*** Opening SUPPLIED MATERIAL ***

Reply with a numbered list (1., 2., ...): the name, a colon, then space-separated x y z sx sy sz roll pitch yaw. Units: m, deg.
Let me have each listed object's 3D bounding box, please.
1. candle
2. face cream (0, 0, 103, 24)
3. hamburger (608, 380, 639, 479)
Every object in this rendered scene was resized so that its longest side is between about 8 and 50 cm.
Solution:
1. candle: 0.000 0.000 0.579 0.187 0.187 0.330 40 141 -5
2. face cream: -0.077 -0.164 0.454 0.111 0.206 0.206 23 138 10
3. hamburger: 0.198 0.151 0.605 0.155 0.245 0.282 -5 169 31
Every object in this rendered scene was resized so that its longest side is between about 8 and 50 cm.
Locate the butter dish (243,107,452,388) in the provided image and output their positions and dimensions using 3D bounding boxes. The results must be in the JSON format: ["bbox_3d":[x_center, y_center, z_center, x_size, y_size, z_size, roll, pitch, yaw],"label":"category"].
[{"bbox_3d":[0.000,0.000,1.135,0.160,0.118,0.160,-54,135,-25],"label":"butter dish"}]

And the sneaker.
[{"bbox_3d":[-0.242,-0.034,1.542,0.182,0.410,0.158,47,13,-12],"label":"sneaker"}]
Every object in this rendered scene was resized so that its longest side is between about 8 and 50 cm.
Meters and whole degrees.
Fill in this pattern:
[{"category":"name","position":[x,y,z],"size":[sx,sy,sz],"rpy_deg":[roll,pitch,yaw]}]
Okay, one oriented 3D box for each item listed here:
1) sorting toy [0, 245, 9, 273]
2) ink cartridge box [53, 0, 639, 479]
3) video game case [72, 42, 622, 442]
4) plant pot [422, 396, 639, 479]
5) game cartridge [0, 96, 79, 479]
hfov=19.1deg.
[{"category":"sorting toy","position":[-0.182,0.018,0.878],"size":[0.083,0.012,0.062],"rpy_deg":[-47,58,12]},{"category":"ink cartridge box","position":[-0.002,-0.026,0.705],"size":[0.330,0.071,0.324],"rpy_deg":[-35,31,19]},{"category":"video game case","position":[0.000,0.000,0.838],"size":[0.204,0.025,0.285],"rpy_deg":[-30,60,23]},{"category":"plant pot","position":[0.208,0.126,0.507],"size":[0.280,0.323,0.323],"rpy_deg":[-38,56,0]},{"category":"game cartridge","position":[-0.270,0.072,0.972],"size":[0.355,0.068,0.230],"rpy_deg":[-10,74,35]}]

*** Closing SUPPLIED MATERIAL ***

List, from the entries above, every line in which the word "listed" shows up.

■ EXERCISE ANSWER
Let me have each listed object's 3D bounding box, please.
Okay, one oriented 3D box for each item listed here:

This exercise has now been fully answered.